WHAT TO DO:
Look through the listing for the string "made" and copy out every line that holds it.

DATASET EXCERPTS:
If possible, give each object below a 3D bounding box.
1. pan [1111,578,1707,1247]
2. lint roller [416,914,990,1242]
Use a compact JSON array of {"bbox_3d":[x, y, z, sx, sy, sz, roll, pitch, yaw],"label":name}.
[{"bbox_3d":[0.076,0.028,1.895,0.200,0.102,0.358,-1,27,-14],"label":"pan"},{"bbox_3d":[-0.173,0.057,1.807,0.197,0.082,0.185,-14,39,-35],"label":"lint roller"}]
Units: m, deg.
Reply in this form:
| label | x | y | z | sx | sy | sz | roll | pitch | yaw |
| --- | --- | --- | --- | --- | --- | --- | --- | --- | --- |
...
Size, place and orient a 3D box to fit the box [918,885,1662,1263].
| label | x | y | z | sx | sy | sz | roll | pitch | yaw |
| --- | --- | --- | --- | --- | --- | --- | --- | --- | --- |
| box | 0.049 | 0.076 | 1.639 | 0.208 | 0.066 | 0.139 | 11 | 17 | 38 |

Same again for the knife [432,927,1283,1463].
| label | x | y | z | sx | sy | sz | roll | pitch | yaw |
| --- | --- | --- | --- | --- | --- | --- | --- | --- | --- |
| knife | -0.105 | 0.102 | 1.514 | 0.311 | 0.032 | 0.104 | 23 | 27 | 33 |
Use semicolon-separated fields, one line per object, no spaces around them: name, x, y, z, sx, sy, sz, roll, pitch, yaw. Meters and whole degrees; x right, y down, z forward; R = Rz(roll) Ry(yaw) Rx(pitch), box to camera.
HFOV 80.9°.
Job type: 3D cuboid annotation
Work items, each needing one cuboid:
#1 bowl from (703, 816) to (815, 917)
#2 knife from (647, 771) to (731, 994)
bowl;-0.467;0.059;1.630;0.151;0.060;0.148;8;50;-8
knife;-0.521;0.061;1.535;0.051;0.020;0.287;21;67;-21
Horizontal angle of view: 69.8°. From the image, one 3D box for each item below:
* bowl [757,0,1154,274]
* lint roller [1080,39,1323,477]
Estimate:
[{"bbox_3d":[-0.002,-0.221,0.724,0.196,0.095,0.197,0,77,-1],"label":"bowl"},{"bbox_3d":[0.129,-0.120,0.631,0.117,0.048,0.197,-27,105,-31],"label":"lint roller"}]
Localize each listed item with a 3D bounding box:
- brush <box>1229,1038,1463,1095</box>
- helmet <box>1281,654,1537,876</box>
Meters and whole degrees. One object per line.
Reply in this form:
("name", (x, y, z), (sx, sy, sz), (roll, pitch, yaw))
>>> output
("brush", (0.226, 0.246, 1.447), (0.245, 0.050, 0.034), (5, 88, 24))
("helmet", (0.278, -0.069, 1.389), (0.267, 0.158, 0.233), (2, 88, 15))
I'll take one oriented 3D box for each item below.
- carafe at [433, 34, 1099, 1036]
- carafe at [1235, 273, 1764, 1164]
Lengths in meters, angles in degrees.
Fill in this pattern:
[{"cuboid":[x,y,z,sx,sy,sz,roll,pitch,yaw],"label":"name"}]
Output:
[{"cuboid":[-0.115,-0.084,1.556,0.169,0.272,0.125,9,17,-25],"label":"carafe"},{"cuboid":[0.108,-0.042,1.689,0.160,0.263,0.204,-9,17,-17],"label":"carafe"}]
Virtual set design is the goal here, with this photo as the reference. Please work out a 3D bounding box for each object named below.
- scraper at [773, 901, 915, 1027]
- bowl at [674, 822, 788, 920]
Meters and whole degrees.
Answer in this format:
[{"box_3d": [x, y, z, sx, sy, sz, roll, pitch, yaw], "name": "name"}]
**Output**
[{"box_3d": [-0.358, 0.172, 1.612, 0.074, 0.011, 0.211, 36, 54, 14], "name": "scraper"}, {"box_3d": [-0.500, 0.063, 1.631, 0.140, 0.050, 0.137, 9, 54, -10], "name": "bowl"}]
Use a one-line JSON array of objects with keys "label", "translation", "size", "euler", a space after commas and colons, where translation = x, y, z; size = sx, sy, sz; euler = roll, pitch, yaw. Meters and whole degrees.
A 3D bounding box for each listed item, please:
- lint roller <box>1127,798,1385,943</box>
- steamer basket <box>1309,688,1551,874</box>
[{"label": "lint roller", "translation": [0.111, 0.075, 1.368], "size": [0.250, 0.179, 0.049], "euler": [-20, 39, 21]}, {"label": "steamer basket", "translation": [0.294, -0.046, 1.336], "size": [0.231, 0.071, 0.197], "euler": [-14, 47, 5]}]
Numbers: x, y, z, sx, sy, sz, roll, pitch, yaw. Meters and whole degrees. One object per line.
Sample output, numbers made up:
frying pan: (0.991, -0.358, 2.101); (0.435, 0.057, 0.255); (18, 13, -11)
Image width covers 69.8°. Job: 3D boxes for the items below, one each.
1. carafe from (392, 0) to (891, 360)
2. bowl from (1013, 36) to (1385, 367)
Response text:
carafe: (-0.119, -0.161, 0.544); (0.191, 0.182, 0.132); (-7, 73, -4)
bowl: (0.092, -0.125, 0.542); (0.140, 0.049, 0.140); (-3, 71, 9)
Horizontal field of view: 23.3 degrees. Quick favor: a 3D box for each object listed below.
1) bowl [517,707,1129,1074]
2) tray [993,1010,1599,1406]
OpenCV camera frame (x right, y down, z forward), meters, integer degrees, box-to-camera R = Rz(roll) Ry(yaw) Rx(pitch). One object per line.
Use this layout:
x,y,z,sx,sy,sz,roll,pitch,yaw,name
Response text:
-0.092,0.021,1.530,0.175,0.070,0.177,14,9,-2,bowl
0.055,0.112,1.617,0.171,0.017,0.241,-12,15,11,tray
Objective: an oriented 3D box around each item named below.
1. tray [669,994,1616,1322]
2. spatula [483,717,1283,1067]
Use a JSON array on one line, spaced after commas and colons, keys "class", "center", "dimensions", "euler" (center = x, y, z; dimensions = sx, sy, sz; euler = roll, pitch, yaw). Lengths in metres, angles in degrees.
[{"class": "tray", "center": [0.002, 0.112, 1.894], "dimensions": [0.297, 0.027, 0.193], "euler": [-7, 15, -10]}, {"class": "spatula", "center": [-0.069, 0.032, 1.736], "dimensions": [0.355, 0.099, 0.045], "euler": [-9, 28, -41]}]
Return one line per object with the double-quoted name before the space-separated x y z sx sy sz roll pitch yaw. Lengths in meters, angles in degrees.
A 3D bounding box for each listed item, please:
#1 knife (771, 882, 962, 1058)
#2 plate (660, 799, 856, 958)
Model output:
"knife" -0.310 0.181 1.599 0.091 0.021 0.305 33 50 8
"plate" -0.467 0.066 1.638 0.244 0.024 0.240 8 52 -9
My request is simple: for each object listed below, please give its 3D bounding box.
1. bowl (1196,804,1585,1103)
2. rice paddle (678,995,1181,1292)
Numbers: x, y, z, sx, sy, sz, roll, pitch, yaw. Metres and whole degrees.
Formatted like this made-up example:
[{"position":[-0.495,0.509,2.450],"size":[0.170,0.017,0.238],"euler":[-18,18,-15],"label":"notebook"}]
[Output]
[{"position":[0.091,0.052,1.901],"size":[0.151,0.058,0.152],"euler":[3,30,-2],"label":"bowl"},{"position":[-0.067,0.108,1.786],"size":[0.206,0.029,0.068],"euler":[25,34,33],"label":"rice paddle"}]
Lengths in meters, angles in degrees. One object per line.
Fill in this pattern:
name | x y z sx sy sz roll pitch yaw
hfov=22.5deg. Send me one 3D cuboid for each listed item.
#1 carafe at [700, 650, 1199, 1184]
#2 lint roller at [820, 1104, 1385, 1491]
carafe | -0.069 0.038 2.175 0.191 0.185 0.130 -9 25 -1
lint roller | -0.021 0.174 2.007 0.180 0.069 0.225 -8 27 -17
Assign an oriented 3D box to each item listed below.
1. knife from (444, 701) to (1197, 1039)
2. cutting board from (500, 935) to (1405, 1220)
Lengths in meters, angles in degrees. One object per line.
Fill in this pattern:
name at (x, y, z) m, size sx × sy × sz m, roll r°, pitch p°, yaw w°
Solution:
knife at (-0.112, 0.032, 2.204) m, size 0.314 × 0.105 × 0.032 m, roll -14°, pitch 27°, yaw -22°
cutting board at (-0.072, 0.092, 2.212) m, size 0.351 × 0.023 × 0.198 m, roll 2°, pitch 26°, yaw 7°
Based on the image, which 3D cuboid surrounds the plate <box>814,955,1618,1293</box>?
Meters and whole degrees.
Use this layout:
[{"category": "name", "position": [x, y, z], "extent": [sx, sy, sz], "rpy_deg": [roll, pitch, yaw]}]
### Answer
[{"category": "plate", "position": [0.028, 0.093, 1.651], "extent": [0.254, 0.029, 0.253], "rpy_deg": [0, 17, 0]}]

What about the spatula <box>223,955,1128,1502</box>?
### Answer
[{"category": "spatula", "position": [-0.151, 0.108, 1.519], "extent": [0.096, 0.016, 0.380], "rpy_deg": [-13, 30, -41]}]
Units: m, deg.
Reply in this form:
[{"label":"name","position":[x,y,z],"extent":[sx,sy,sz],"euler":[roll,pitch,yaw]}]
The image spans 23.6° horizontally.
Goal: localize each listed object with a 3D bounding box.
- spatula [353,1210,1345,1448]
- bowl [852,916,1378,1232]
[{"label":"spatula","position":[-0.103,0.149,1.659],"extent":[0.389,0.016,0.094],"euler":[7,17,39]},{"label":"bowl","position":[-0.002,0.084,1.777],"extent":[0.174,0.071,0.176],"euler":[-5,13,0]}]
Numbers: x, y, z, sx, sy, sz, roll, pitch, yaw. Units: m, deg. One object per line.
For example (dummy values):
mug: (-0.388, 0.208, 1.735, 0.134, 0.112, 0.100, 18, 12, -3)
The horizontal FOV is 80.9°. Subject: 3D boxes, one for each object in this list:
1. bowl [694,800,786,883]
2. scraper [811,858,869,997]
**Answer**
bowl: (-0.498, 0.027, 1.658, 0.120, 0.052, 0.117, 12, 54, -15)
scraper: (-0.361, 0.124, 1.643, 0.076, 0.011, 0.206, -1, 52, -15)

EXERCISE RESPONSE:
Sample output, numbers made up:
Formatted like this made-up example:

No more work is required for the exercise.